Thank you all for your input thus far. I typically don't venture to Veeky Forums for fear of seeing a calculus equation in a thumbnail and becoming violently ill but you all have been very helpful.

just a wild guess, but couldn't the core be stored in a tank of oil mixed with lead-dust and gelatin so that it wouldn't get damaged much by an impact and radiation didn't leak?

we have shielding but there's no way to undo the issue of neutron radiation creating isotopes that will then decay and release damaging radiation over time other than containment and storage

if the plane crashes hard enough, you won't keep containment, and then that's it really. airborne contamination happens and you just gotta shrug and admit you just gave somebody cancer

It sounds like it might be too large a solution on an aircraft with limited space.

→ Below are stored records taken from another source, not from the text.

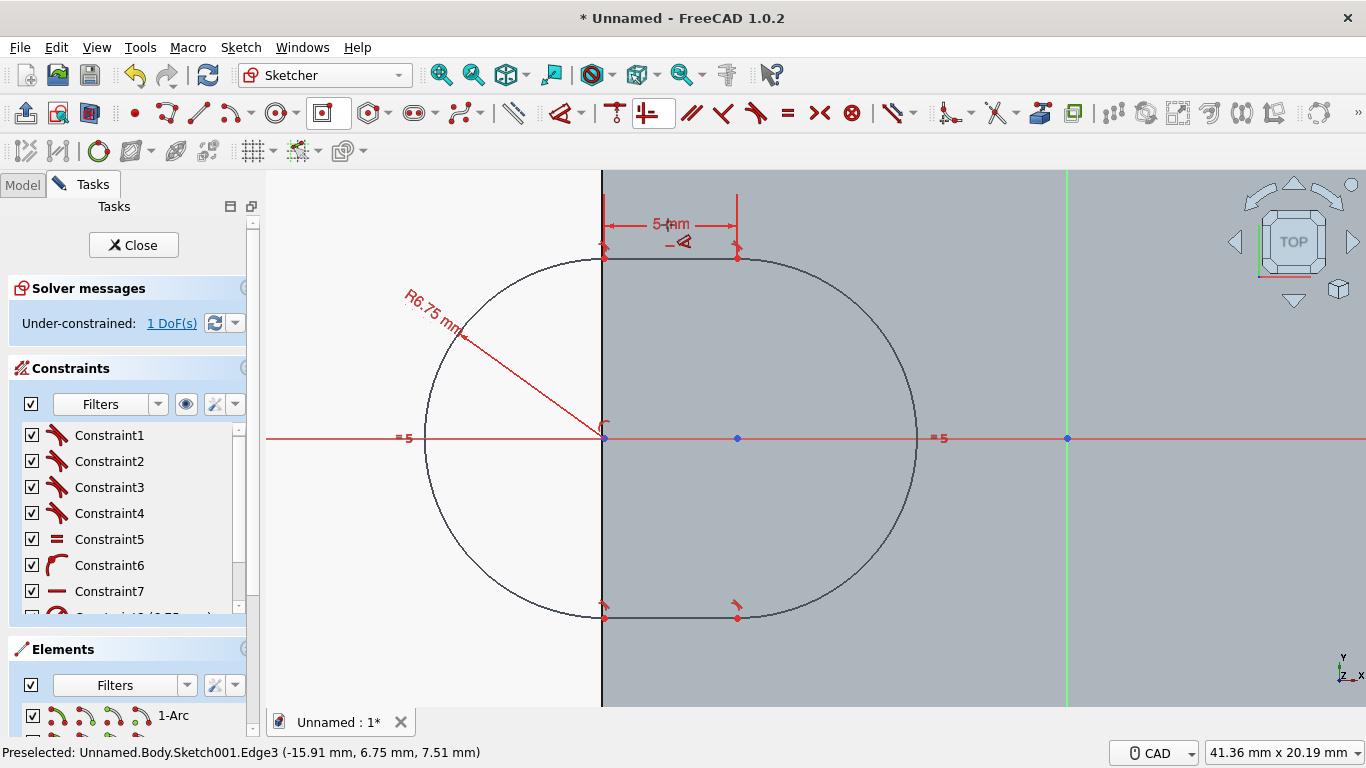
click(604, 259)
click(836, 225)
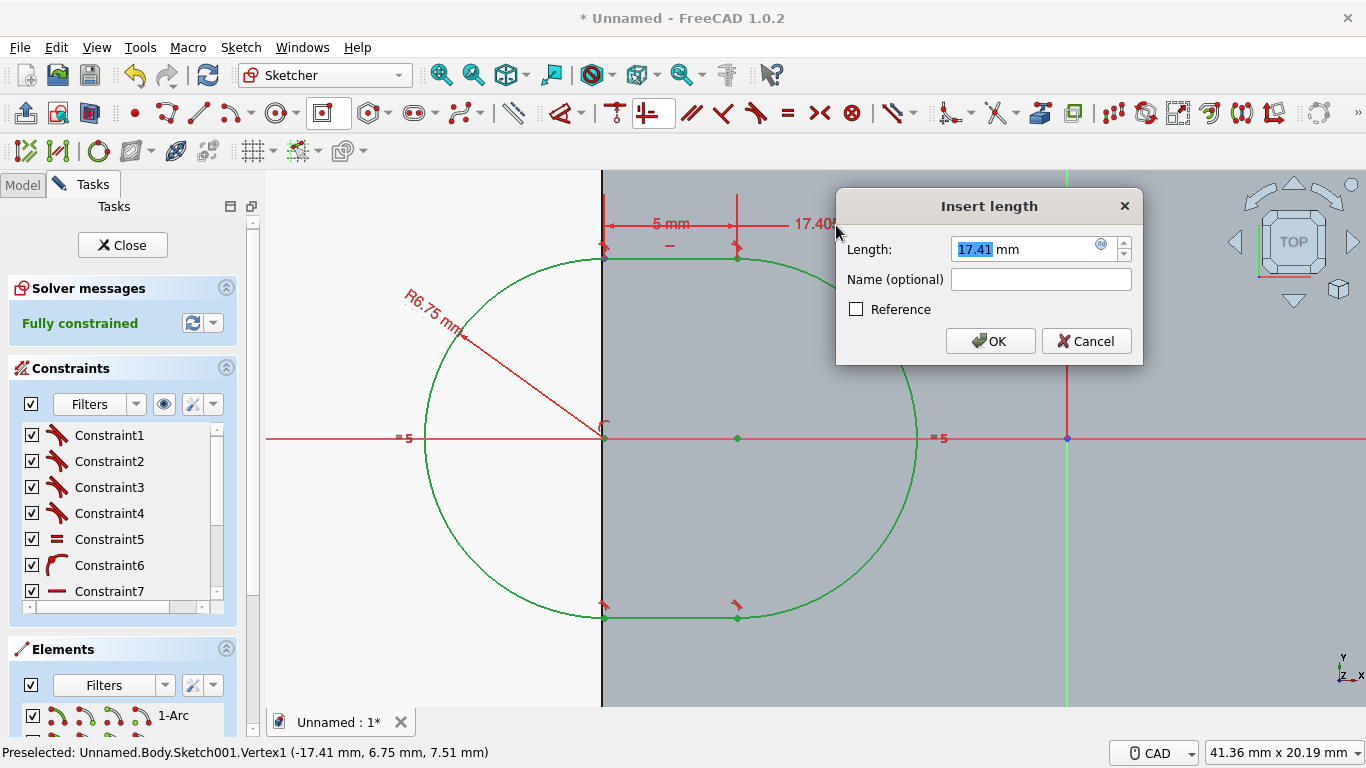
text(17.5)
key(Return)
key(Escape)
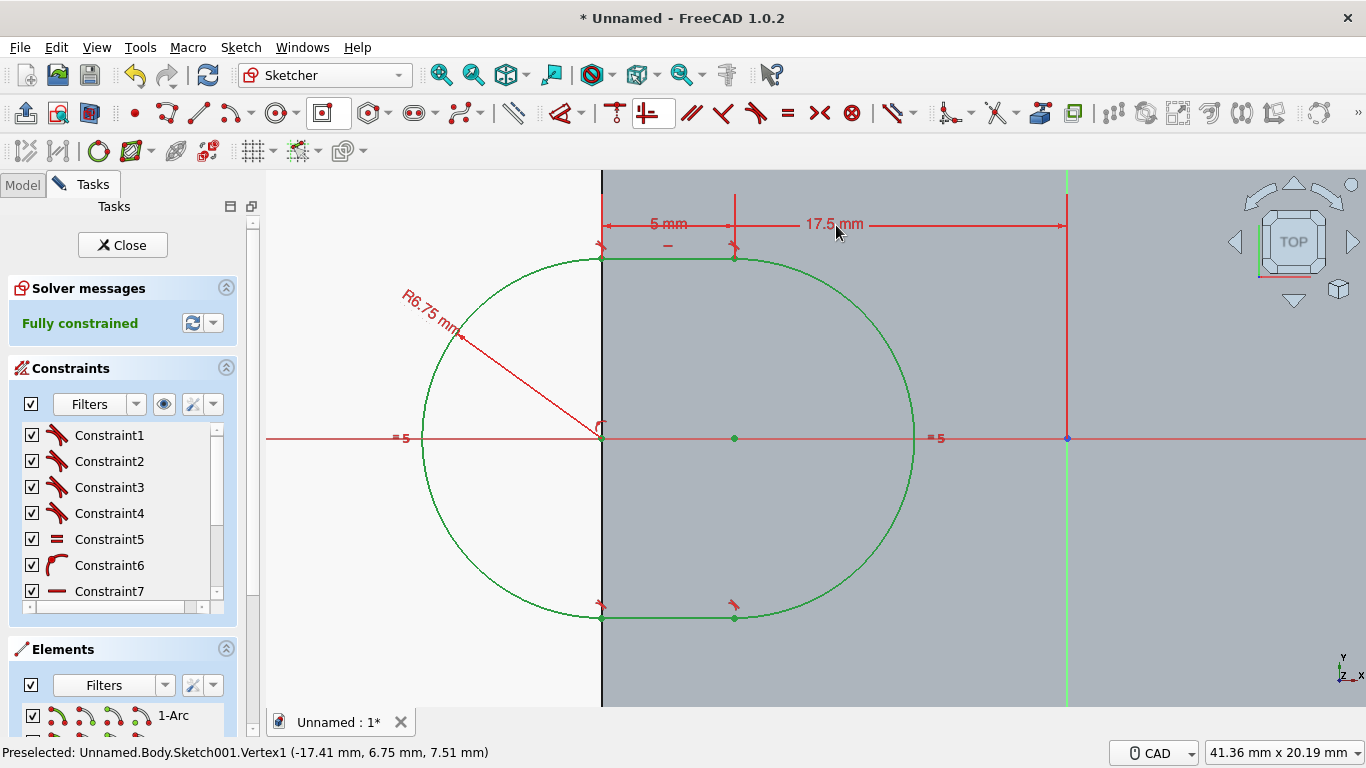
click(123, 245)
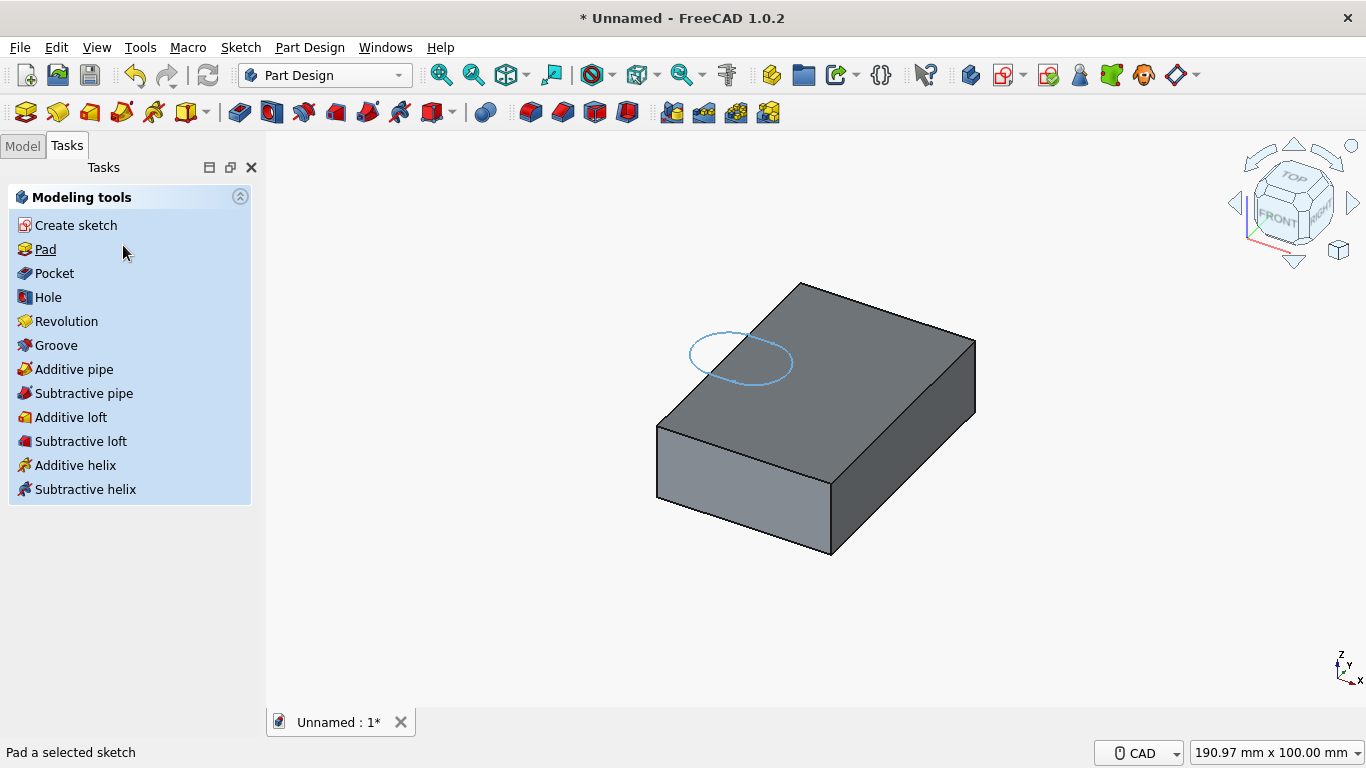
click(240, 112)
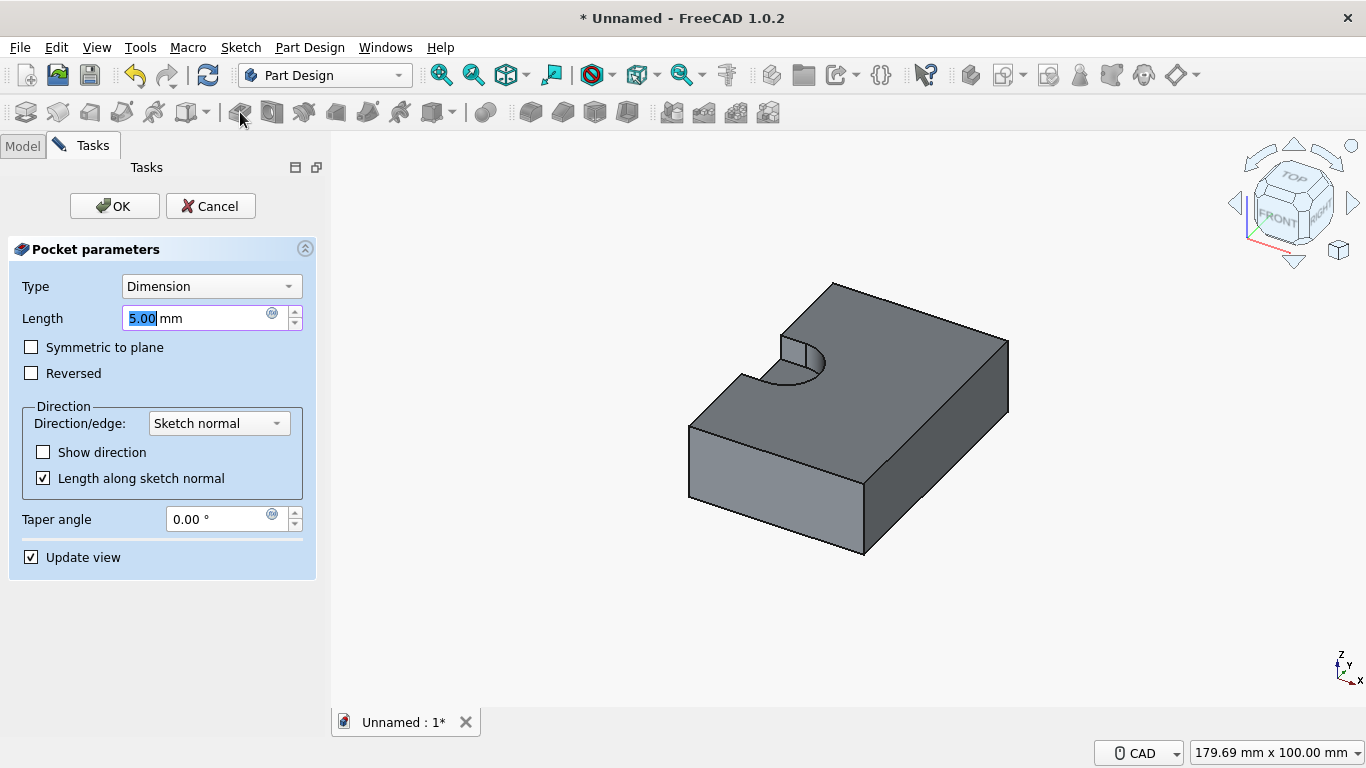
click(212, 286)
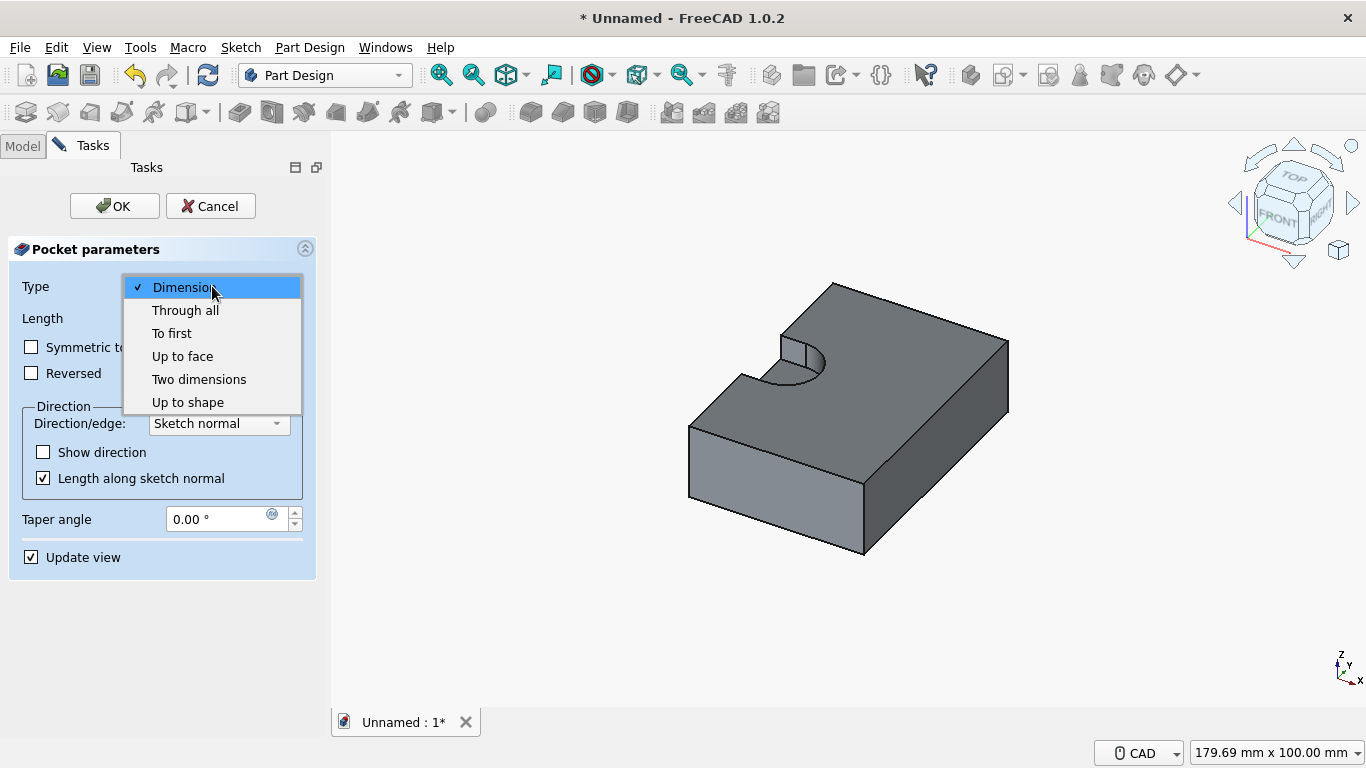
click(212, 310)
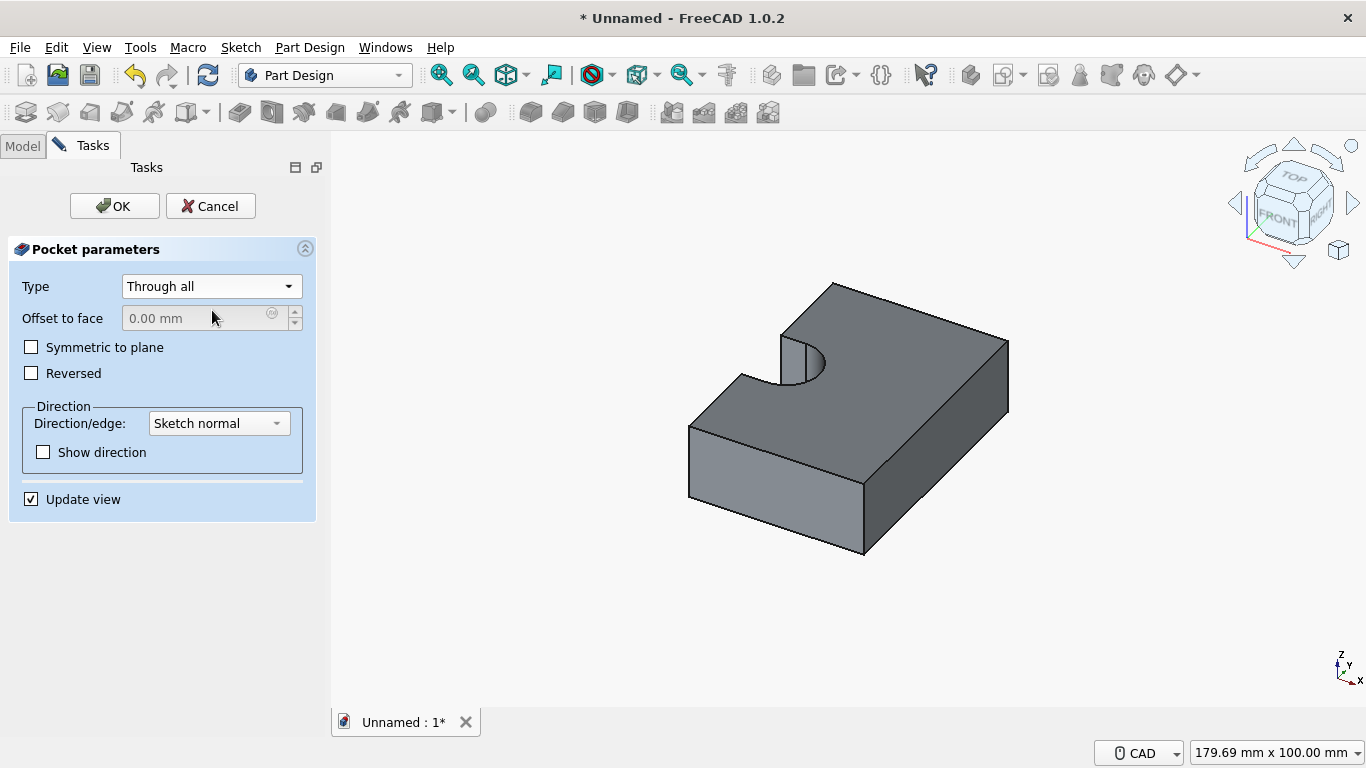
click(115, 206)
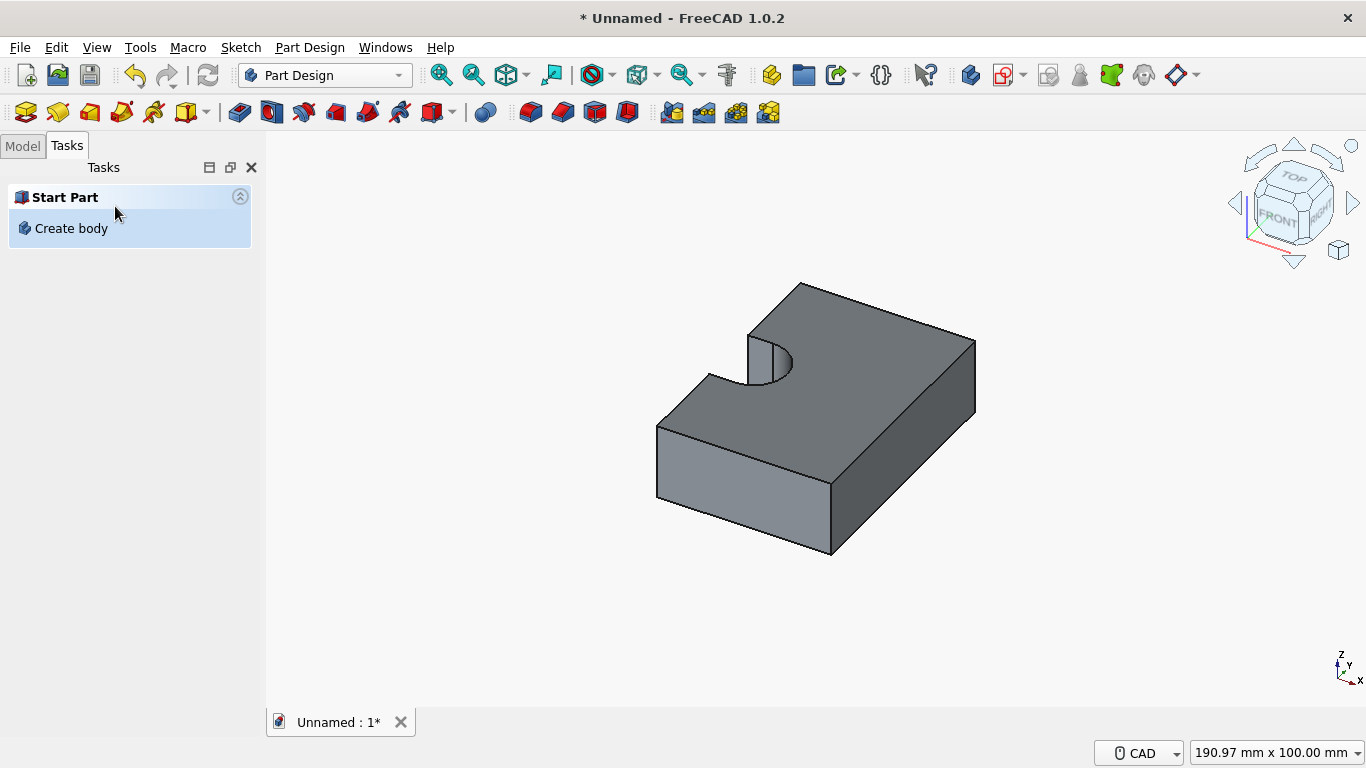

So at best the radiation can only be contained to a certain radius of the crash site

While still in testing/development a molten salt reactor (thorium) would be better fit here

The most important aspect of MSR would be safety

>In some designs, the fuel and the coolant are the same fluid, so a loss of coolant removes the reactor's fuel. Unlike steam, fluoride salts dissolve poorly in water, and do not form burnable hydrogen. Unlike steel and solid uranium oxide, molten salts are not damaged by the core's neutron bombardment.

>larger nucleuses being more efficient
it's quite the opposite. you need low Z materials that can efficiently transfer the momentum from the neutron. like H. Why do you think water is so widely used as a neutron moderator? It's interaction cross section is very high, whereas lead's is horribly low, it could almost serve as a neutron reflector.
The opposite is true for gammas, where the probability of the photoelectric effect occurring has a E^3/Z^3 proportionality.

>radiation leak
Do you mean escape of the radiation itself? or the more difficult task of minimizing radioactive contamination of the surrounding area? because radiation and radioactive contamination are two different things.

Well, as I have learned from this thread, it is more probable that radioactive material could be contained, but perhaps not the radiation from that material. Which decreases the radius from a crash site, which is something.

Forgive my ignorance but could I get this in layman's terms?

>Alpha and beta radiation aren't problematic to deal with;
Actually when it comes to any sort of radioactive material spill, it's not direct external radiation that is the biggest problem. Unless we're talking like a full blown nuclear holocaust. It's radiation emitters - radioactive particles - getting absorbed by life. Alpha is not a problem when it comes from outside and hits your skin, but it is when you eat a bunch of rapidly decaying heavy metal isotopes that release alphas inside your cells.

>Typical fuels are scarce

People have been synthesizing oil commercially since the 1940s

Also, see biofuel.

By exotic matter I'm talking stuff that isn't made of atoms anymore. New composites and alloys don't have a chance, atoms are just too full of empty space

Actually if the fuel is enriched highly enough, the core can be small enough to make shielding weigh as much as a full load of fuel in a conventional plane.

you're totally thinking of mercury sequestering transgenic bacteria arnt you?

Most of the practical nuclear jet engine designs used Molten Salt Reactors. The first MSRs were actually made as part of the Air Force's efforts to create a nuclear powered bomber.

Dayum. Besides matter, are there any natural forces which can interact with and control radiation? Magnetism, something like that?

No, gamma radiation is not shieldable using electromagnetic methods, but low doses of it are considered not harmful.